We compare claim frequency and claim severity between genders.

In [7]:
# Ensure gender column is present and select two most common values
if 'Gender' in df.columns:
    gender_counts = df['Gender'].value_counts()
    gender_a, gender_b = gender_counts.index[:2]
    # Test claim frequency (proportion z-test)
    result_gender_freq = test_hypothesis(df, 'Gender', gender_a, gender_b, 'ClaimFrequency', test_type='z-test')
    print(f"Claim Frequency: {result_gender_freq['conclusion']}")
    # Test claim severity (t-test)
    result_gender_sev = test_hypothesis(df, 'Gender', gender_a, gender_b, 'ClaimSeverity', test_type='t-test')
    print(f"Claim Severity: {result_gender_sev['conclusion']}")
else:
    print("Gender column not found in data.")

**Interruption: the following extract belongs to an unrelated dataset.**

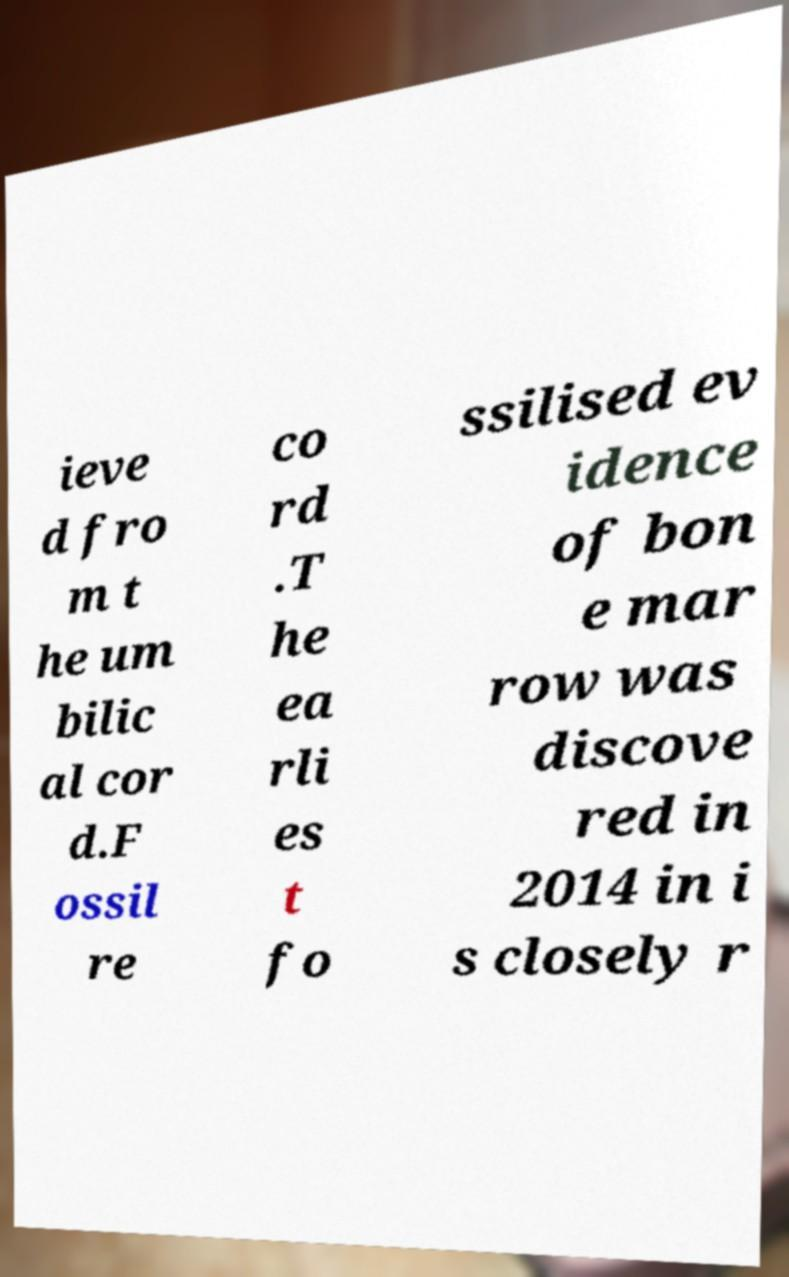Could you extract and type out the text from this image? ieve d fro m t he um bilic al cor d.F ossil re co rd .T he ea rli es t fo ssilised ev idence of bon e mar row was discove red in 2014 in i s closely r

Claim Frequency: Reject the null hypothesis (p-value=0.0166 < 0.05). Statistically significant difference detected by z-test.
Claim Severity: Reject the null hypothesis (p-value=0.0000 < 0.05). Statistically significant difference detected by t-test.
Claim Severity: Reject the null hypothesis (p-value=0.0000 < 0.05). Statistically significant difference detected by t-test.


## 6. Summary Table
Below is a summary of the statistical test results for all hypotheses.

In [8]:
import pandas as pd
summary = pd.DataFrame([
    {"Hypothesis": "Risk difference across provinces (Claim Frequency)", "Conclusion": result_freq['conclusion']},
    {"Hypothesis": "Risk difference across provinces (Claim Severity)", "Conclusion": result_sev['conclusion']},
    {"Hypothesis": "Risk difference between zip codes (Claim Frequency)", "Conclusion": result_zip_freq['conclusion']},
    {"Hypothesis": "Margin difference between zip codes", "Conclusion": result_zip_margin['conclusion']},
    {"Hypothesis": "Risk difference between Women and Men (Claim Frequency)", "Conclusion": result_gender_freq['conclusion'] if 'result_gender_freq' in locals() else 'N/A'},
    {"Hypothesis": "Risk difference between Women and Men (Claim Severity)", "Conclusion": result_gender_sev['conclusion'] if 'result_gender_sev' in locals() else 'N/A'},
])
display(summary)

Unnamed: 0,Hypothesis,Conclusion
0,Risk difference across provinces (Claim Freque...,Reject the null hypothesis (p-value=0.0000 < 0...
1,Risk difference across provinces (Claim Severity),Fail to reject the null hypothesis (p-value=0....
2,Risk difference between zip codes (Claim Frequ...,Fail to reject the null hypothesis (p-value=0....
3,Margin difference between zip codes,Fail to reject the null hypothesis (p-value=0....
4,Risk difference between Women and Men (Claim F...,Reject the null hypothesis (p-value=0.0166 < 0...
5,Risk difference between Women and Men (Claim S...,Reject the null hypothesis (p-value=0.0000 < 0...


---
**Interpretation:**
- If the null hypothesis is rejected, the feature has a statistically significant impact on the KPI.
- If not rejected, there is no significant impact detected.
- Use these findings to inform segmentation and business strategy.